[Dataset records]
- - - -

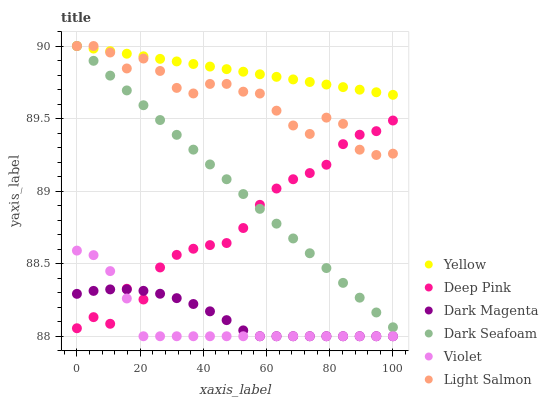Does Violet have the minimum area under the curve?
Answer yes or no. Yes. Does Yellow have the maximum area under the curve?
Answer yes or no. Yes. Does Deep Pink have the minimum area under the curve?
Answer yes or no. No. Does Deep Pink have the maximum area under the curve?
Answer yes or no. No. Is Dark Seafoam the smoothest?
Answer yes or no. Yes. Is Deep Pink the roughest?
Answer yes or no. Yes. Is Dark Magenta the smoothest?
Answer yes or no. No. Is Dark Magenta the roughest?
Answer yes or no. No. Does Dark Magenta have the lowest value?
Answer yes or no. Yes. Does Deep Pink have the lowest value?
Answer yes or no. No. Does Dark Seafoam have the highest value?
Answer yes or no. Yes. Does Deep Pink have the highest value?
Answer yes or no. No. Is Violet less than Dark Seafoam?
Answer yes or no. Yes. Is Yellow greater than Dark Magenta?
Answer yes or no. Yes. Does Dark Magenta intersect Violet?
Answer yes or no. Yes. Is Dark Magenta less than Violet?
Answer yes or no. No. Is Dark Magenta greater than Violet?
Answer yes or no. No. Does Violet intersect Dark Seafoam?
Answer yes or no. No. 
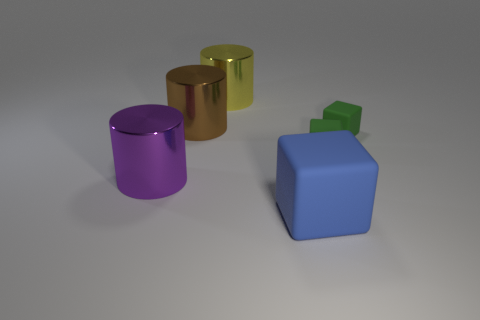Add 3 cubes. How many objects exist? 9 Add 6 metal objects. How many metal objects are left? 9 Add 4 small rubber blocks. How many small rubber blocks exist? 6 Subtract 0 cyan cylinders. How many objects are left? 6 Subtract all big yellow metal cylinders. Subtract all green matte objects. How many objects are left? 3 
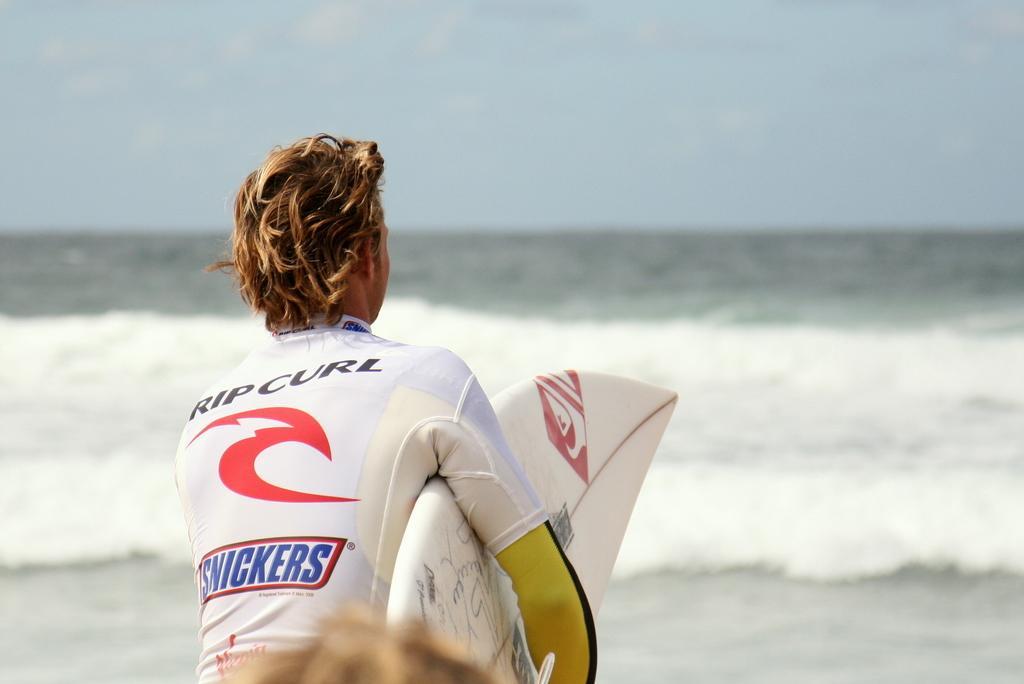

- - - -

(EXERCISE BRIEF):
The expected answer is an exact copy of the lines above, beginning at the line with "Answer yes or no. No. Is Violet" and ending at the line with "Answer yes or no. Yes. Is Dark Magenta less", with both ends in.

(ANSWER AREA):
Answer yes or no. No. Is Violet less than Dark Seafoam?
Answer yes or no. Yes. Is Yellow greater than Dark Magenta?
Answer yes or no. Yes. Does Dark Magenta intersect Violet?
Answer yes or no. Yes. Is Dark Magenta less than Violet?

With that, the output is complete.